Could you copy every line in the listing below that has the word "ieder"?

::::::::::

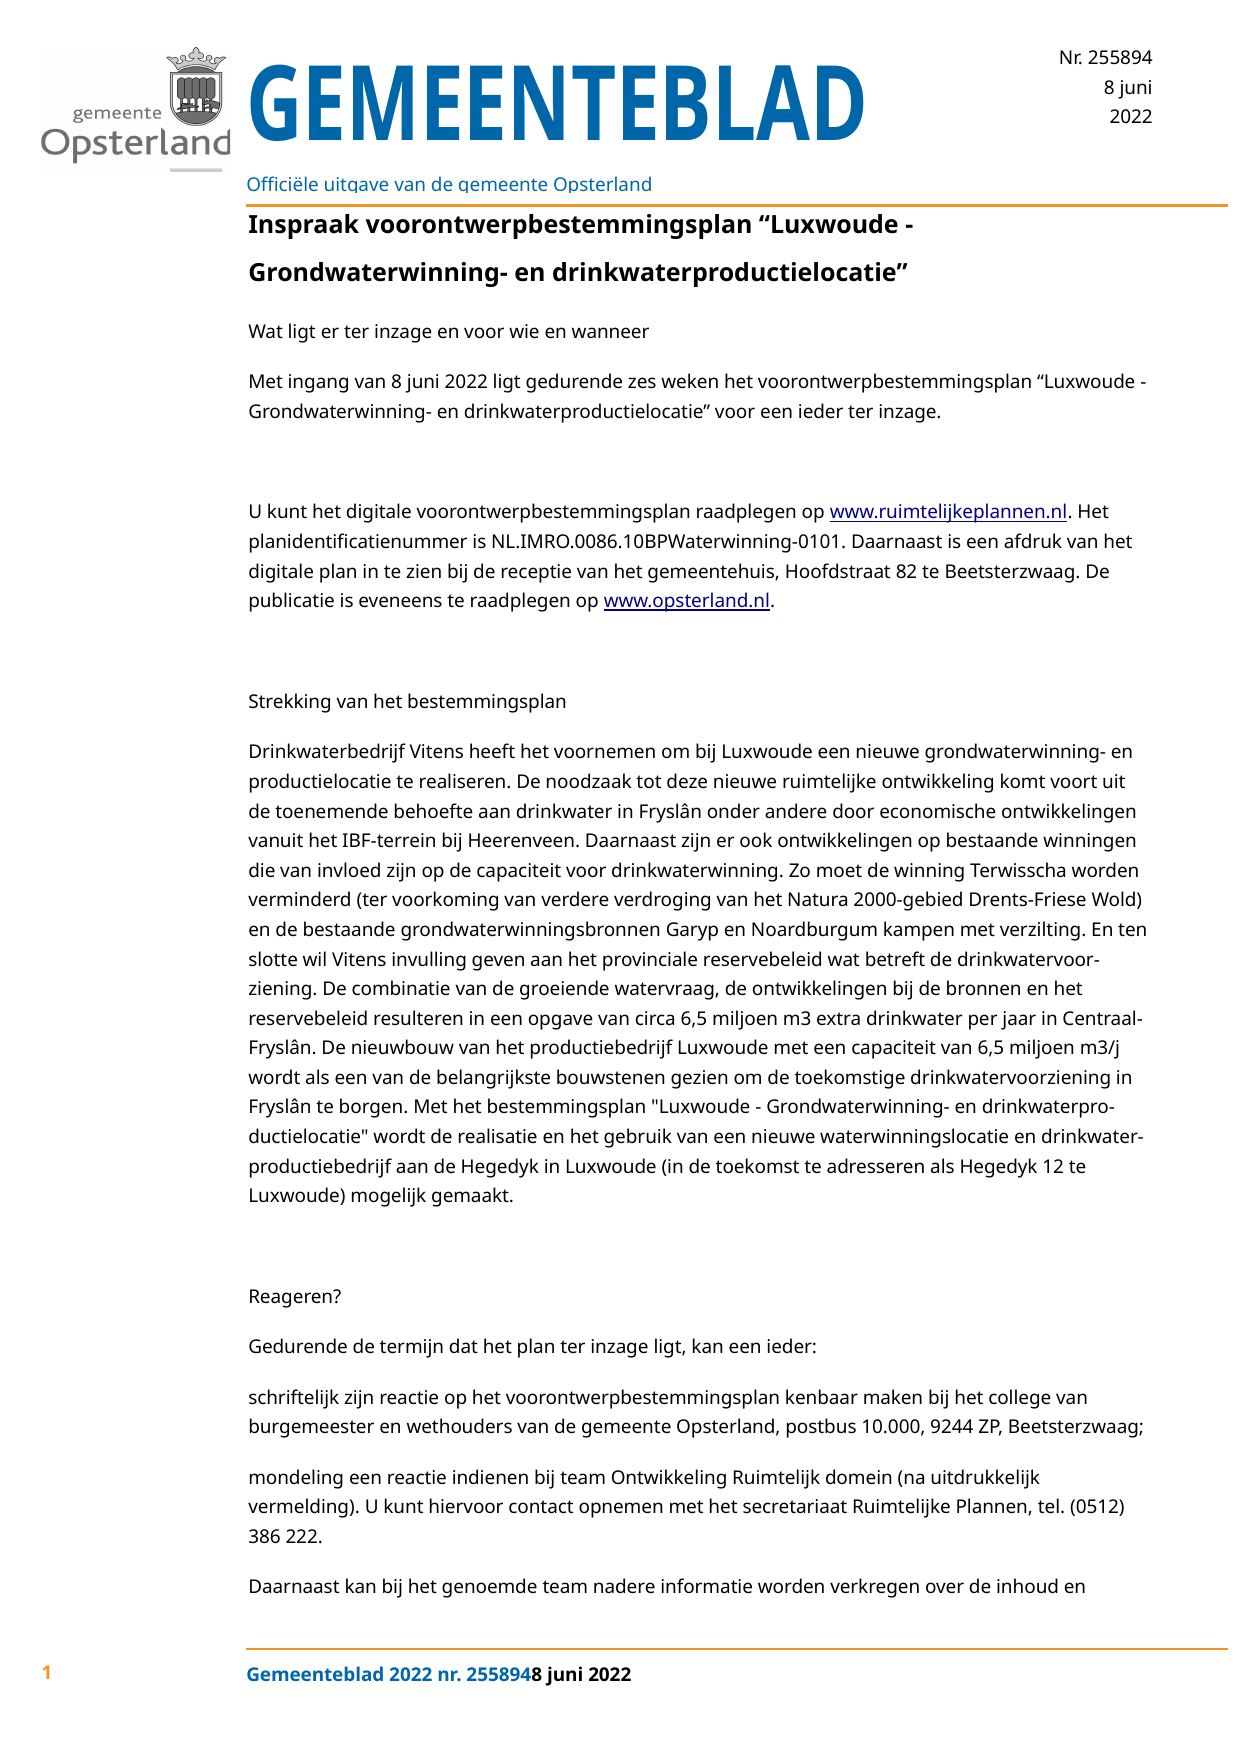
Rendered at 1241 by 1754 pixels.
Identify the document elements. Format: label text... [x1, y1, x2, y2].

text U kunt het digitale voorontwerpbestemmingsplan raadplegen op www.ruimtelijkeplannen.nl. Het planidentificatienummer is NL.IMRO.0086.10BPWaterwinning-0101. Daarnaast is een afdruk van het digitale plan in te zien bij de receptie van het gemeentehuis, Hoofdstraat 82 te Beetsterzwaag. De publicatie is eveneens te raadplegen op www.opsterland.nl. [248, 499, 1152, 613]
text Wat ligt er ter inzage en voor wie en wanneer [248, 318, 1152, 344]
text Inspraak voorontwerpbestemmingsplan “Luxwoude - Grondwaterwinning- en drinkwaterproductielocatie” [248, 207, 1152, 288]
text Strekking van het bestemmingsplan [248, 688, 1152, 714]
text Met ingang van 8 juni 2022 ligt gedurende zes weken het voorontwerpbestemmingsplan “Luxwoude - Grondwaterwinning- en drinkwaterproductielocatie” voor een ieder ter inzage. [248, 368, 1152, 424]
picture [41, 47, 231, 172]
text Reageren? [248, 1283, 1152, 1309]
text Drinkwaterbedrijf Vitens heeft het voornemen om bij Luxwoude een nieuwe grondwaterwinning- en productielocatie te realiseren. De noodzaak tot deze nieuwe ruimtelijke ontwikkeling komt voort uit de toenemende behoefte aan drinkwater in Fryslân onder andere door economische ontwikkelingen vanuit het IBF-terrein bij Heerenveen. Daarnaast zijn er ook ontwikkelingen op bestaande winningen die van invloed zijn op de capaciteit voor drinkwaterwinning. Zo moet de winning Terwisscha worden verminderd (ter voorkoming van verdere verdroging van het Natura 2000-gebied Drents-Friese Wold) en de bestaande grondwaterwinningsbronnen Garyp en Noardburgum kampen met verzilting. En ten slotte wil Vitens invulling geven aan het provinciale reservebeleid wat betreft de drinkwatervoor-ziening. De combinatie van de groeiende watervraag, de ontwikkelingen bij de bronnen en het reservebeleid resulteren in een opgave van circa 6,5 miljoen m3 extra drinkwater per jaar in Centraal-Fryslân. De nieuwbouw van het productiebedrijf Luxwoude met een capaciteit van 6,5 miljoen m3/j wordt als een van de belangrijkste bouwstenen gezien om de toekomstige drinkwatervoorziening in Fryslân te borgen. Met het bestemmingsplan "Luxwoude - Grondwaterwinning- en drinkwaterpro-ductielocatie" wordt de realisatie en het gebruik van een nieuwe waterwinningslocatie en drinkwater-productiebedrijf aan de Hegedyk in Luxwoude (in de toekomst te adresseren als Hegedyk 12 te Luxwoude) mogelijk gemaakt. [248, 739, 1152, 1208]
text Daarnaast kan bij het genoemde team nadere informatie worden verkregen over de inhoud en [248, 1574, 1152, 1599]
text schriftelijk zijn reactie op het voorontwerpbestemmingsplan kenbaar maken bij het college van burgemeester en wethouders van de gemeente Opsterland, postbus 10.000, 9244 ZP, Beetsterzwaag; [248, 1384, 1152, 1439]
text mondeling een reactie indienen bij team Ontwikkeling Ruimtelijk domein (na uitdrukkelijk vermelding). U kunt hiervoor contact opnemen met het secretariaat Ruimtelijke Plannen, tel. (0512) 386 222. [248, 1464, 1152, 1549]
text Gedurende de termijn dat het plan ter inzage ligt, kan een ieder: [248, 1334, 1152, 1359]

::::::::::

Answer space:
text Met ingang van 8 juni 2022 ligt gedurende zes weken het voorontwerpbestemmingsplan “Luxwoude - Grondwaterwinning- en drinkwaterproductielocatie” voor een ieder ter inzage. [248, 368, 1152, 424]
text Gedurende de termijn dat het plan ter inzage ligt, kan een ieder: [248, 1334, 1152, 1359]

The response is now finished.